An even greater problem was the lack of an Afghanistan national identity. Nationalism has often been identified as a toxic element in international affairs. However, some level of national identity is necessary to maintain a nation state. Afghanistan’s social structure is not built around the idea of nationhood, but rather allegiance to family, villages and tribes. For 20 years now, we have seen Afghans make choices based not on what is best for their country, but what will best protect and help their families and kin. So, when the Taliban could offer many Afghans more protection and a better livelihood than the distant Afghan government in Kabul, they sided with the Taliban.
More damaging still, our Afghan project was unable to stem government corruption. To succeed in defeating a deep-rooted insurgency like the Taliban, the local government must have popular legitimacy. Endemic corruption by government officials eroded any possibility that the nation-building effort Bush launched could ever succeed. Poor, struggling Afghans viewed government officials getting rich — often by siphoning off American largess — with hostility and disdain. The rugged, austere Taliban benefitted mightily in the public’s eye in comparison officials in Kabul padding their bank accounts.
America has gone through multiple cycles of recrafting it strategy and goals in Afghanistan. At each turn, though, it has bumped up against one critical flaw — the impossibility of creating a sustainable government against the vibrant Taliban insurgency. As the memory of the 9/11 attacks waned, popular opinion turned against sending our servicemembers in pursuit of this fruitless, never-ending task.
The politicians eventually caught up with public opinion.

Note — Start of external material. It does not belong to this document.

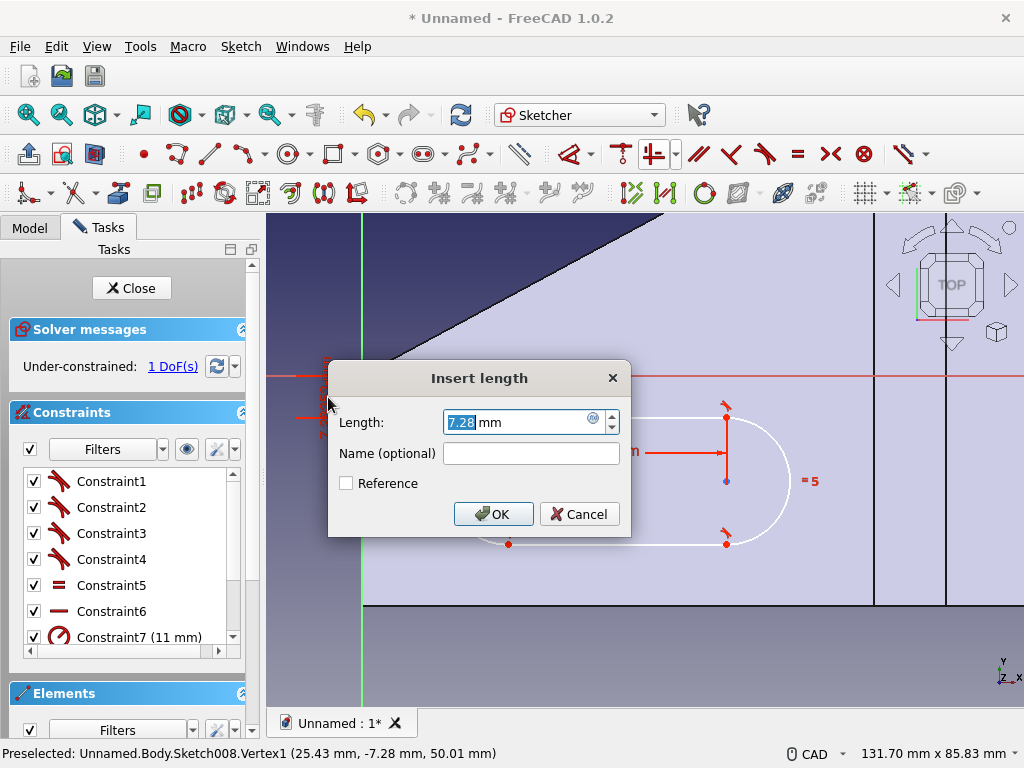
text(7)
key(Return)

At the beginning of his term, Obama agreed to a surge of troops to mount a counterinsurgency, but demanded time limits to the endeavor, setting the stage for a drawdown. Trump was hostile to nation-building from the beginning and entered unilateral negotiations with the Taliban that undercut the legitimacy of the Afghan government. The agreement that emerged in February 2020 was merely a timetable for American withdrawal that did not even pretend to create a framework to push the Taliban toward peace. By the time Biden entered office, having campaigned to end American involvement in the war, Trump had pushed troop levels down to 2500, the lowest since 2001.
With our tiny presence in the country and fighting season about to begin, Biden would have had to send more troops and get them more involved in direct fighting to stave off the Taliban, a position that would have been opposed by a strong bipartisan majority of the American public.
Instead, Biden bravely faced the inevitable by sticking with Trump’s withdrawal. Corrupt, incompetent, and now abandoned by its patron, the Afghan government was nothing but a hollow shell. No wonder the Afghan troops wouldn’t fight; there was nothing left to fight for. Bush’s post-9/11 nation-building project had failed. America would now have no choice but to manage the consequences.
David Schanzer is a professor of the practice at the Sanford School of Public Policy at Duke University and director of the Triangle Center on Terrorism and Homeland Security.